Investment will be particularly strong. Good prospects for sustained higher output, low inflation, low interest rates, rising corporate profits and high stock prices, all make for strong investment.

Low mortgage rates and rising home prices in many cities brighten the outlook for housing starts, which will add 1.5 million units, the highest level since 1987.

Consumers will have low inflation and higher wages, leading to real income growth that will offset higher tax rates for the highest income earners. Real income will rise 4 percent in 1994, the best performance since 1984.

Real consumer spending will increase 3.5 percent, less than the income increase, as consumers add to their saving rate, as well as boost the economy.

A large backlog of needs also drives consumption, including the need for new furniture to furnish new houses and the need to replace an aging auto/truck fleet.

The biggest weakness? Although I predict that growth in real exports will be almost twice as fast as the growth in 1993, imports will surge even faster than exports. Real imports will rise 7.3 percent and real exports 4.8 percent in 1994.

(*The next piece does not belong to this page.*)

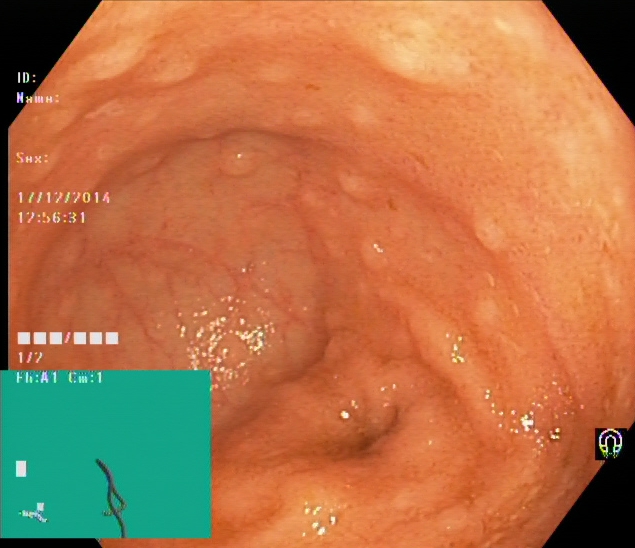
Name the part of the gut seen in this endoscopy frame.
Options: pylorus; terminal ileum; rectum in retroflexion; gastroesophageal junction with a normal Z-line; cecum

cecum
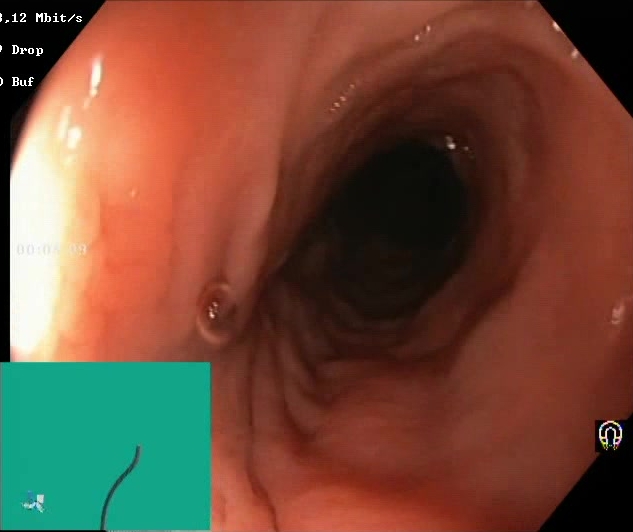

Another weak sector? Defense spending will drop 4.5 percent in 1994.

California will add to the nation's job growth because it will shed fewer jobs than in 1993. That is, it will be less of a drag on the U.S. economy next year than it has been for the past three years. By the second half of 1994, I think California could be starting a weak recovery.

Biggest risk: Many of our key trading partners are in trouble. European unemployment is extraordinarily high and social tensions reflect this. Efforts to create the "united states of Europe" have been set back by challenges to support eastern European conversion to capitalism.

Japan is adjusting to deflated asset values and severe tests of lifelong employment practices, due to low demand for its products. Russia and the Middle East are in hopeful but clearly dangerous transitions.

China? Is it on a roll or a roller-coaster? Mexico will be making painful adjustments to more open competition with U.S. corn producers, just as U.S. workers face keener international competition from south of the border.

In summary, the outlook for the U.S. economy looks better in 1994, led by low inflation, low interest rates, faster job growth and strong investment.